REQUIREMENT ▸ Whenever a line of the data below holds the string "pitch", copy that line.
EXCERPTED RECORDS section start
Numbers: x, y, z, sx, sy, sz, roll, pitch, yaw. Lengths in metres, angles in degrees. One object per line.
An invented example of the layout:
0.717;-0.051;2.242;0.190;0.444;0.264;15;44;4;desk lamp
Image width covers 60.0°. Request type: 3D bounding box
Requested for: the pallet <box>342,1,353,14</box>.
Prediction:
EXCERPTED RECORDS section end
EXCERPTED RECORDS section start
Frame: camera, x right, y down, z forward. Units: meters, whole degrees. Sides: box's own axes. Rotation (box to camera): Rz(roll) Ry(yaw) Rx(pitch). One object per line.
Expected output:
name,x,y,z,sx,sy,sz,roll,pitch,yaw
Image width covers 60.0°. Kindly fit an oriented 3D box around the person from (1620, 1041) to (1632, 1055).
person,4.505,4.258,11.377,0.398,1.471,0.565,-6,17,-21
EXCERPTED RECORDS section end
EXERCISE OUTPUT ▸
Numbers: x, y, z, sx, sy, sz, roll, pitch, yaw. Lengths in metres, angles in degrees. One object per line.
Frame: camera, x right, y down, z forward. Units: meters, whole degrees. Sides: box's own axes. Rotation (box to camera): Rz(roll) Ry(yaw) Rx(pitch). One object per line.
name,x,y,z,sx,sy,sz,roll,pitch,yaw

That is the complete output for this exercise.